Before all NFS operations were synchronous; now we support asynchronous
commits of file writes which might improve performance.
Michael Vrable [Mon, 27 Sep 2010 05:55:19 +0000 (22:55 -0700)]
Updated microbenchmarking script.
Michael Vrable [Wed, 22 Sep 2010 20:52:28 +0000 (13:52 -0700)]
Starting work on scripts to automate benchmarking.
Michael Vrable [Wed, 22 Sep 2010 18:47:17 +0000 (11:47 -0700)]
Improve cleaner performance.
When reading an object in, seek to and read just the needed bytes instead
of the entire log segment. Improves performance significantly.
Michael Vrable [Mon, 20 Sep 2010 22:09:12 +0000 (15:09 -0700)]
Remove obsolete file.
Michael Vrable [Mon, 20 Sep 2010 15:56:01 +0000 (08:56 -0700)]
Use a thread pool for inode fetches, and remove some debugging output.
Michael Vrable [Mon, 20 Sep 2010 15:55:03 +0000 (08:55 -0700)]
Remove an extraneous mutex unlock.
I'm surprised that this didn't cause trouble earlier; it seems that
unlocking an unlocked mutex raises no errors (but under heavy load, when
the mutex is locked by another thread then unlocking it can cause trouble).
Michael Vrable [Mon, 20 Sep 2010 03:07:27 +0000 (20:07 -0700)]
More fixes for memory management.
This should allow memory and cache space to be reclaimed by not keeping
items pinned in memory, finally. Still needs a bit more testing.

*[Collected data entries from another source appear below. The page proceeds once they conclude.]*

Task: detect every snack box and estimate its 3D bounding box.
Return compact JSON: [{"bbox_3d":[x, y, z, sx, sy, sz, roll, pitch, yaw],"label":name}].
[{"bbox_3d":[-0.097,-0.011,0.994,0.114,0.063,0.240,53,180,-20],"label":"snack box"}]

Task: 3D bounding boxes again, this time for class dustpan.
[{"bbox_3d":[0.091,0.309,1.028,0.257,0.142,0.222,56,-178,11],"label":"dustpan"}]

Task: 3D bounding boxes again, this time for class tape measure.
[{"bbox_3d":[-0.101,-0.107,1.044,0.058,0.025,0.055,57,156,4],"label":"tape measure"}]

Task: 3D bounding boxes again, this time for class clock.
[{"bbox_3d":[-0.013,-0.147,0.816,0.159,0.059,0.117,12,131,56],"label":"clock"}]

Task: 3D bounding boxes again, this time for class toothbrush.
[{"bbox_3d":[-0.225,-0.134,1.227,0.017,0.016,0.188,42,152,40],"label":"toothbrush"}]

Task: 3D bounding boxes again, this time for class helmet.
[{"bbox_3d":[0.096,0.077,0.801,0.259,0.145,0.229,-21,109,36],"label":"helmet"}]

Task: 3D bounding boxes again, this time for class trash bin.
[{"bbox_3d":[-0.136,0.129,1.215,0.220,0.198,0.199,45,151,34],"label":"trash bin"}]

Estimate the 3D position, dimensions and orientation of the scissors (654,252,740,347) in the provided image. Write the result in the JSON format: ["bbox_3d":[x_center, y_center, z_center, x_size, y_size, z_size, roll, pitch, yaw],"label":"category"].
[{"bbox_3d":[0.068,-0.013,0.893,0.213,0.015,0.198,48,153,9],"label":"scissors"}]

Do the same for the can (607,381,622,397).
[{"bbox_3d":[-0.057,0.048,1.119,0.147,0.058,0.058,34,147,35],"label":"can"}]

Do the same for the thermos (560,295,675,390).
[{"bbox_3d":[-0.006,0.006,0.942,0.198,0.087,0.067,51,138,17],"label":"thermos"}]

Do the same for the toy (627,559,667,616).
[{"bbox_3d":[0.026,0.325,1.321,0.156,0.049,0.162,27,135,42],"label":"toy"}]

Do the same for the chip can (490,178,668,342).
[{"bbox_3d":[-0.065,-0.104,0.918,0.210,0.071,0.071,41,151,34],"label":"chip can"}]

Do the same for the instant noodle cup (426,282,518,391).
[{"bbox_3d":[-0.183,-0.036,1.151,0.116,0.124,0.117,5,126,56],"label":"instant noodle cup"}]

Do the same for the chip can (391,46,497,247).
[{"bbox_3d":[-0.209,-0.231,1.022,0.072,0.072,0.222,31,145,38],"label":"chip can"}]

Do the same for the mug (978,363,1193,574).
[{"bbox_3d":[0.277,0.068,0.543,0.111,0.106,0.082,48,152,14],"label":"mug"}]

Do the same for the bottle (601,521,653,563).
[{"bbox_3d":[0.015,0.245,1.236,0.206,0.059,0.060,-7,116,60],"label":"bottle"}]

Michael Vrable [Sun, 19 Sep 2010 22:22:02 +0000 (15:22 -0700)]
Work on reducing memory pinned by the inode map.
Michael Vrable [Sun, 19 Sep 2010 18:31:15 +0000 (11:31 -0700)]

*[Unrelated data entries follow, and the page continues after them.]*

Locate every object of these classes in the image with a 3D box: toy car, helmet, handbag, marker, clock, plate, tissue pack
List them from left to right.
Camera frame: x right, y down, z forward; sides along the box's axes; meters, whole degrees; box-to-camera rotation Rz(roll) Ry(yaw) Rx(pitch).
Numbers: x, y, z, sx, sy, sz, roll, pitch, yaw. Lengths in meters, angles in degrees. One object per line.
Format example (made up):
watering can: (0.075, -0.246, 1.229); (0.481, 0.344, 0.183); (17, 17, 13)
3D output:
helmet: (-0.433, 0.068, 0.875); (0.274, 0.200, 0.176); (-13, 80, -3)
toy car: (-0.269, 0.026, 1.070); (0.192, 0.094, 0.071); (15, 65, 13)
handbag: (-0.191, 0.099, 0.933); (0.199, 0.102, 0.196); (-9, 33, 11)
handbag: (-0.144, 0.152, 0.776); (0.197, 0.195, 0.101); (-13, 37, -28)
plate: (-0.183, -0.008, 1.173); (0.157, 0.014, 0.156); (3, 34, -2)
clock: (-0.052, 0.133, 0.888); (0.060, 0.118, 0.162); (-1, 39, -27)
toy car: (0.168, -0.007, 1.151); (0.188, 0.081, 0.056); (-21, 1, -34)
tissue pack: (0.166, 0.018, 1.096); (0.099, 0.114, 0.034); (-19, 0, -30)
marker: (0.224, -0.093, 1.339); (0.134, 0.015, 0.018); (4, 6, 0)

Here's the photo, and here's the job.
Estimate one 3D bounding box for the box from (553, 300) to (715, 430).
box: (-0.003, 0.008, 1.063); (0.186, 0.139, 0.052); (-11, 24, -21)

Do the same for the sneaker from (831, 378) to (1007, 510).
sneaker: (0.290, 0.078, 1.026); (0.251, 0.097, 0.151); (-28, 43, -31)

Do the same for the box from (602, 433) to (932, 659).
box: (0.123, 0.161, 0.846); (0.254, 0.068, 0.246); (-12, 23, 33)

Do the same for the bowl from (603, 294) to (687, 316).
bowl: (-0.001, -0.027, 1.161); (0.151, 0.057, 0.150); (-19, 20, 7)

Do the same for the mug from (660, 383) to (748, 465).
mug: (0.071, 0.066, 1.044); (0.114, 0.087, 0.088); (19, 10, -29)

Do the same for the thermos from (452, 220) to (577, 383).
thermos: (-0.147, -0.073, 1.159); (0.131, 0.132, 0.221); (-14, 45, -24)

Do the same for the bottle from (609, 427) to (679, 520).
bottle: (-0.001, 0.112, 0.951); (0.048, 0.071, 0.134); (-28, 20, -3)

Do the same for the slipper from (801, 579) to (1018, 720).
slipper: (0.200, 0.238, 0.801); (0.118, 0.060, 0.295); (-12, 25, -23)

Add cleaner option to rewrite and compact all inodes (but not all data).
Michael Vrable [Sun, 19 Sep 2010 04:22:15 +0000 (21:22 -0700)]
Allow cloudlog items to be unreferenced in the background.
This is to avoid certain deadlocks, when we don't care if resources are
reclaimed immediately or not.
Michael Vrable [Sun, 19 Sep 2010 00:44:07 +0000 (17:44 -0700)]
Do not hold references to all inode data in inode map.
The inode map should not hold full refereces to all inode objects and all
corresponding data, since that will lock all such data in memory or the
disk cache. Do some initial work towards just holding weak references to
the data so that it can be expired from the cache.
Michael Vrable [Wed, 15 Sep 2010 20:29:42 +0000 (13:29 -0700)]
Restart journal sequence numbering properly.
Handle the case even where some old journal files have been deleted.